Task objective: Copy out each line from the material where the word "whole" is found.

Data provided:
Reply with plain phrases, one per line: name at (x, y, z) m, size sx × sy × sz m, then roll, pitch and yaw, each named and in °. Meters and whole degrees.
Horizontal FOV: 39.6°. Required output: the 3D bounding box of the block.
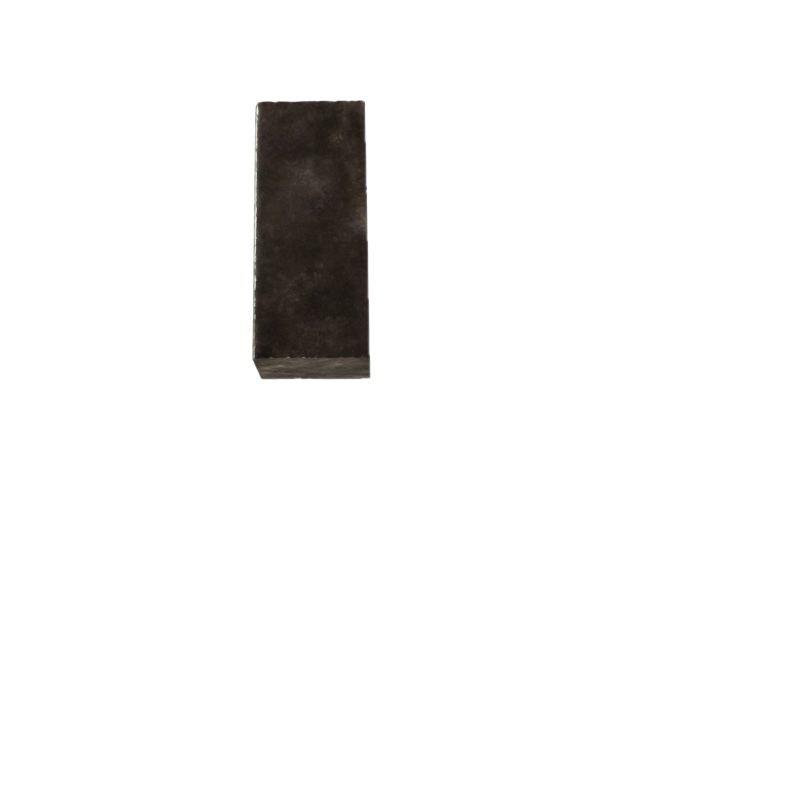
block at (-0.070, -0.126, 0.885) m, size 0.090 × 0.214 × 0.087 m, roll -1°, pitch -16°, yaw 0°
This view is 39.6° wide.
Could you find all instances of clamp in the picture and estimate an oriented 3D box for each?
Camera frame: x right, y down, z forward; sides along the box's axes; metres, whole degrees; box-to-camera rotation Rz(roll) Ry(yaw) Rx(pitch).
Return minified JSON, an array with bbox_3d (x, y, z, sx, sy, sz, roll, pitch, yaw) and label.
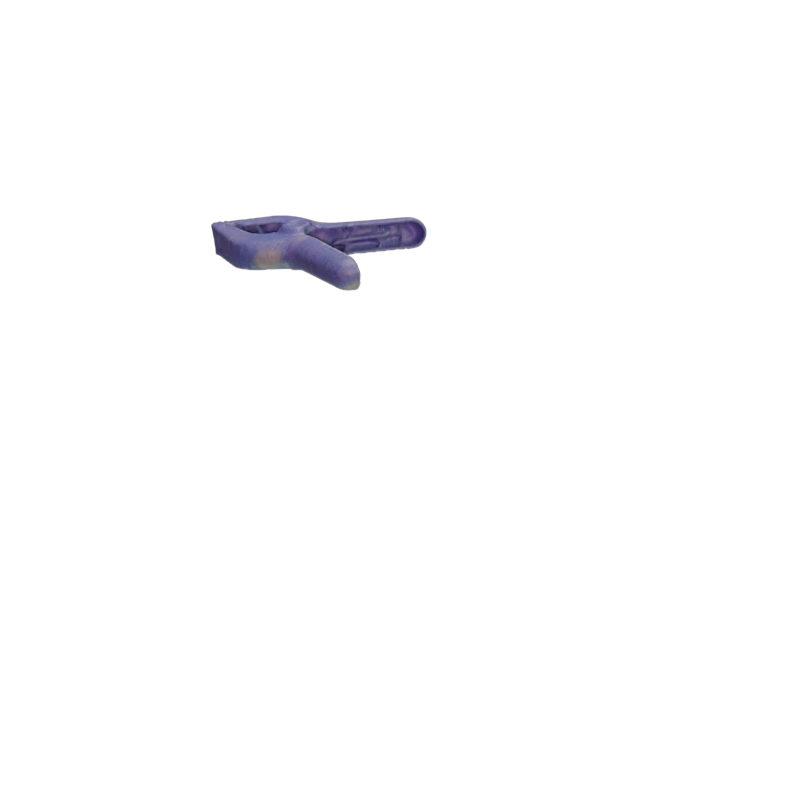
[{"bbox_3d":[-0.068,-0.124,0.870,0.181,0.038,0.119,16,26,35],"label":"clamp"}]

The completed task:
Reply with plain phrases, one per line: name at (x, y, z) m, size sx × sy × sz m, then roll, pitch and yaw, each named and in °. Meters and whole degrees.
Camera frame: x right, y down, z forward; sides along the box's axes; metres, whole degrees; box-to-camera rotation Rz(roll) Ry(yaw) Rx(pitch).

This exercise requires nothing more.